ASSIGNMENT -> Go over the lines below, and when one contains the word "whole", copy it.

Data excerpts

++++++++

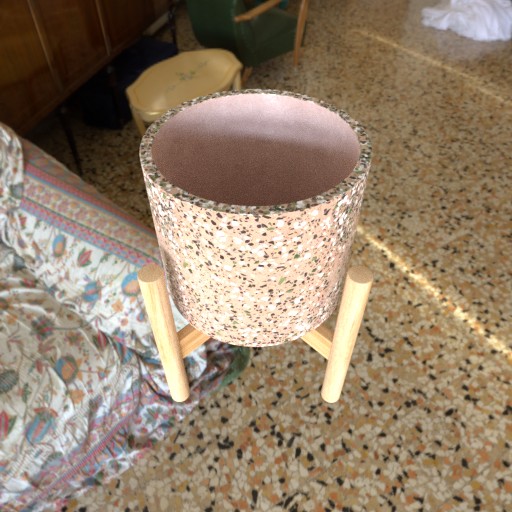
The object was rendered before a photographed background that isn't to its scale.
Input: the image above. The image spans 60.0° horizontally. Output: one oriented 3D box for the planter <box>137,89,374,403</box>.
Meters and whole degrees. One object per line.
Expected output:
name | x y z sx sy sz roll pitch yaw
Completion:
planter | 0.000 0.000 0.544 0.284 0.320 0.284 -16 48 -15
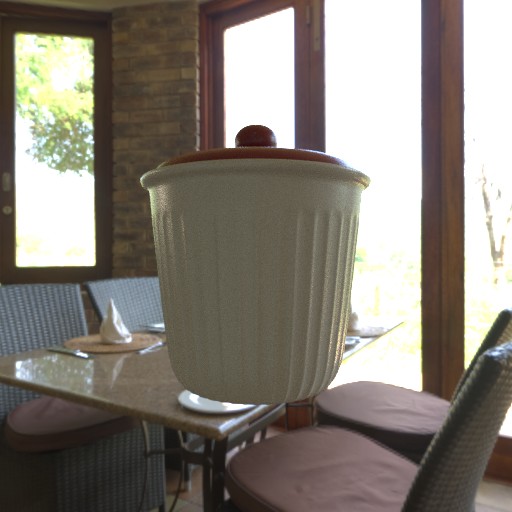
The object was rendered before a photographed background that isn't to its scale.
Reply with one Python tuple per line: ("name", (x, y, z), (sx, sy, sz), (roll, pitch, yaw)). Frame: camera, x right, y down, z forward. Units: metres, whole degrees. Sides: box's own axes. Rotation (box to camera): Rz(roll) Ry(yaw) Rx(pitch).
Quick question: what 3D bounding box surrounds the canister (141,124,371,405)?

++++++++

YOUR RESPONSE ->
Meters and whole degrees. One object per line.
Reply with one Python tuple per line: ("name", (x, y, z), (sx, sy, sz), (roll, pitch, yaw)). Frame: camera, x right, y down, z forward. Units: metres, whole degrees. Sides: box's own axes. Rotation (box to camera): Rz(roll) Ry(yaw) Rx(pitch).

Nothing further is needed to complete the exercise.